Wikie, l’orque qui se prend pour un perroquet


Étonnant d’entendre cette femelle orque imiter des mots, sans nécessairement en comprendre le sens. J’espère qu’au moins que Wikie est bien traitée, sachant que la liberté est mieux qu’un aquarium
Nuage

 

Wikie, l’orque qui se prend pour un perroquet

 

Pas banal d’entendre une orque lancer un « Hello » ou un « bye bye ». Des chercheurs ont réussi à faire répéter différents mots du lexique anglais à une orque du Marineland d’Antibes dans le sud de la France.

AGENCE FRANCE-PRESSE

« Nous nous attendions à des imitations reconnaissables, à ce que Wikie copie la tonalité, la mélodie du son ou encore le rythme des syllabes. Mais nous ne nous attendions pas à une si bonne imitation », a expliqué à l’AFP Jose Abramson de l’Université Complutense de Madrid, coauteur d’une étude parue mercredi.

De précédents travaux avaient déjà démontré que les orques pouvaient imiter d’autres orques ou des dauphins.

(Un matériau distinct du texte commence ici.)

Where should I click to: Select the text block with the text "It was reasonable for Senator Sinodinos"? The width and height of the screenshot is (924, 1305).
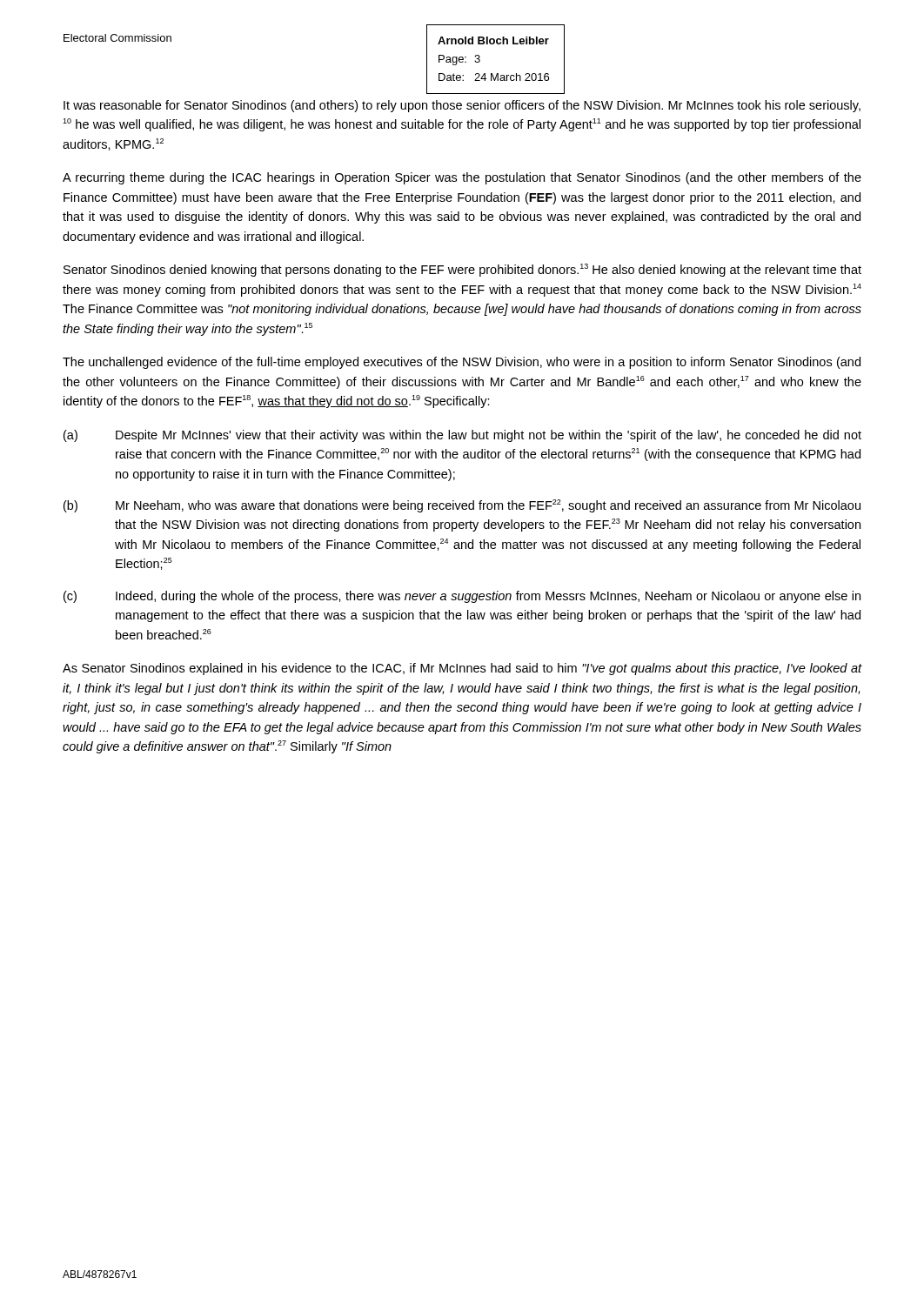462,125
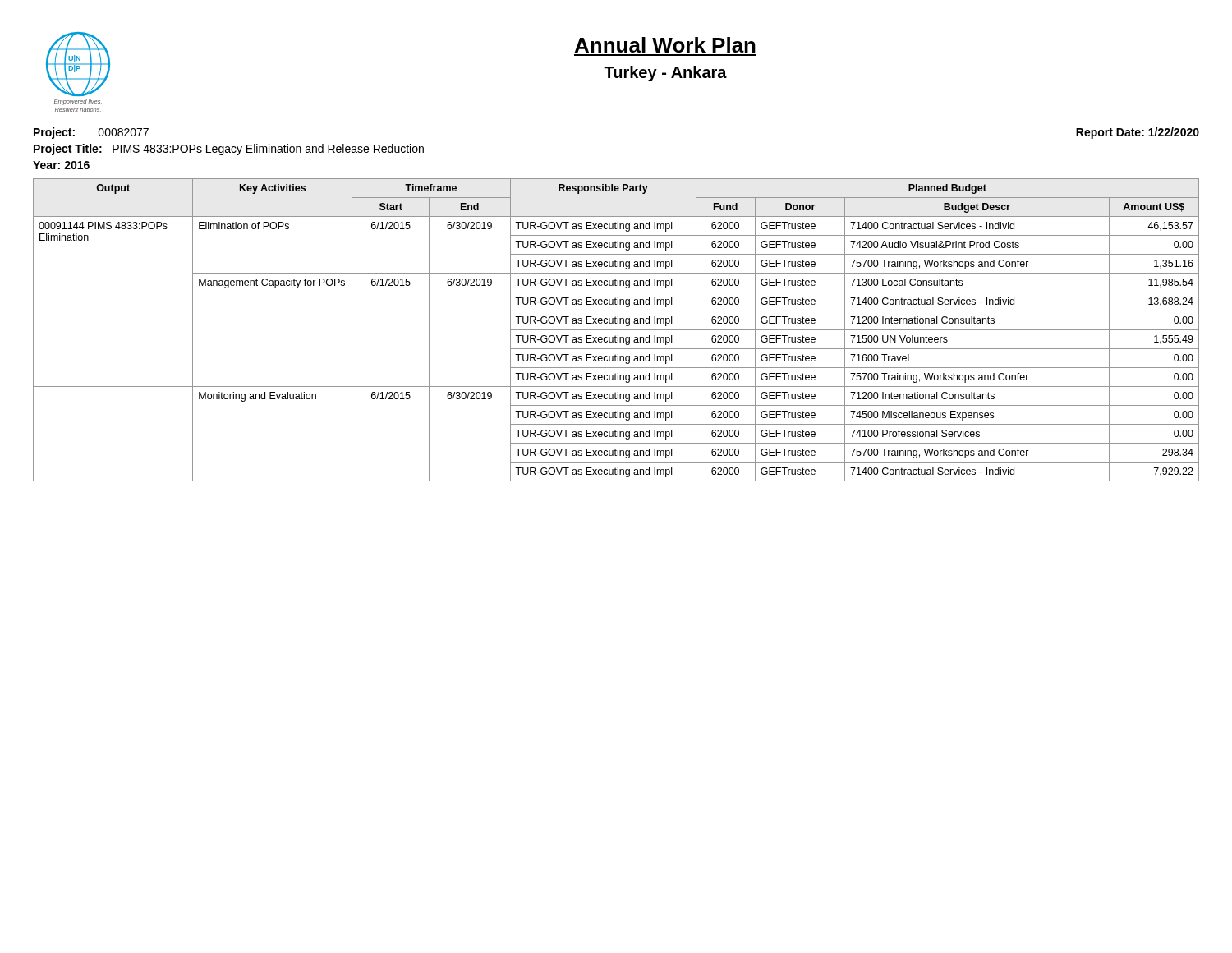
Task: Where does it say "Annual Work Plan"?
Action: tap(665, 45)

Et on savait également qu’ils utilisaient des dialectes différents selon le groupe auquel ils appartiennent, signe d’un apprentissage différent.

« L’anatomie vocale des orques, et plus généralement celle de tous les cétacés, est totalement différente de celle des humains », rappelle le chercheur.

Qu’ils puissent copier le vocabulaire humain, très différent de leur répertoire naturel, montre l’étendue de leur capacité d’imitation.

La femelle Wikie a maintenant plusieurs mots (plus ou moins bien prononcés) à son répertoire. Elle peut répéter « hello », « bye bye », « one two three » ou encore « Amy », le nom d’une de ses soigneuses, une prouesse qui tend à démontrer que l’animal a « la capacité d’apprendre socialement des autres ».

Pour écouter d’autres mots :

Or, la capacité d’apprendre des autres est à la base des cultures humaines.

Pour certains scientifiques, la culture, définie grossièrement comme une forme d’apprentissage social qui établit une distinction entre des groupes, n’existe que chez l’homme, et c’est même ce qui le différencie de l’animal.

Mais pour Jose Abramson, cette expérience montre « qu’une grande partie de la capacité cognitive ou de l’intelligence [des orques, ndlr] dépend de l’apprentissage social, des connaissances des autres membres de la famille », et non pas d’un acquis génétique.

Le chercheur précise toutefois que la capacité de l’orque à imiter des mots ne signifie pas qu’elle comprend ce qu’elle dit; répéter, ce n’est pas parler.

Mais tout au long de l’expérience, la femelle s’est avérée « très motivée » et a progressé rapidement : la plupart des mots ont été bien copiés au bout de seulement 10 essais.

L’étude est publiée dans la revue britannique Proceedings of the Royal Society B.